Uncertainty, in the analytical or numeric sense, is a topic many people approach with trepidation. However, it is much more approachable and intuitive than it may seem.
Consider the following examples.
First, the local meteorologist has forecast a high temperature tomorrow of 45 °F (7 °C). Suppose I take my thermometer out tomorrow afternoon, let it sit in the shade for a while, and it reads 43 °F (6 °C). Was the forecast wrong?
What if it were 37 °F (3 °C)?
Perhaps a different example may be more familiar. You are on your way to meet a friend for lunch, and you tell them that you’ll be there in fifteen minutes. Seventeen minutes later, you arrive. Were you on time? Were you late?
Finally, here is yet another example, and one I struggle with: you are in a science museum, and the sign next to the T. rex says that it went extinct around 65 Ma. However, there was a paper published two years ago which determined that the Chixulub impact occurred at or slightly before 66.043 Ma (+/-22 ka, 2-sigma). Is the sign on the exhibit wrong?
I hope that from these examples, you can see that uncertainty is something you encounter more often than you necessarily think about. You may also find you have some intuitive sense for what it means and where it might be important.
Here are my interpretations of the above scenarios.
The meteorologist’s forecast is correct. Although it is not usually mentioned, meteorologists in temperate climes expect their one-day forecasts to be accurate to about 2 °F. They have a fairly large area to cover, which may have some temperature differences within it, and there is some uncertainty in the reading given by the thermometer.
When meeting a friend for lunch, being off by two minutes in fifteen is probably fine. Most people understand that such an arrangement may be accurate only to within five minutes. For some people, even five minutes may be well within the understood uncertainty.
As for the museum, I would think it is a great opportunity to teach about uncertainty! On one hand, the casual use of 65 Ma (implying +/-2.5 Ma) is correct. On the other hand, that figure is quite imprecise compared to how well we know when the event happened. Even to the nearest million years, 66 Ma would be more appropriate. This brings up another point: our understanding of geochronology is based on the latest research. Advances in the field, analysis of different materials, or even different interpretations of previously existing data can lead to changes. Despite the great amount of effort put into compiling the best science and geochronology for the latest Geologic Time Scale (mostly not open access, sadly), parts became obsolete even as it went to press. Mostly, these changes are small, and primarily concern scientists who are studying events near these boundaries. If the Cretaceous-Paleogene boundary were to be moved from 66 Ma to 90 Ma, that radical change would need to be backed up with a lot of data, and would necessitate a new sign for T. rex or an acknowledgement that dinosaurs lasted well into the Paleogene (there is no widely accepted evidence that they did).

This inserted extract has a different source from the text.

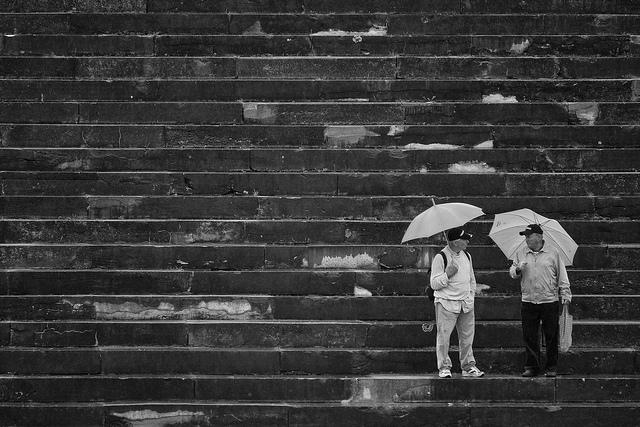Where are the men?
Give a very brief answer. On steps. Why are the men with umbrellas?
Keep it brief. Raining. Are both men wearing hats?
Write a very short answer. Yes.

Hopefully these examples have illustrated that you already have an intuitive understanding of what analytical or numeric uncertainties are and why they are important. In science, where measurements are being made, and calculations based on those measurements are being computed, understanding the uncertainties becomes increasingly important. There are many resources available which outline the process for determining and reporting uncertainties, ranging from a ten-page worksheet to a [very handy and accessible] small book to a comprehensive tome (open access!).
 Renne, P. R., Deino, A. L., Hilgen, F. J., Kuiper, K. F., Mark, D. F., Mitchell, W. S., III, Morgan, L. E., Mundil, R., Smit, J. (2013) Time Scales of Critical Events Around the Cretaceous-Paleogene Boundary. Science 339: 684-687, doi: 10.1126/science.1230492.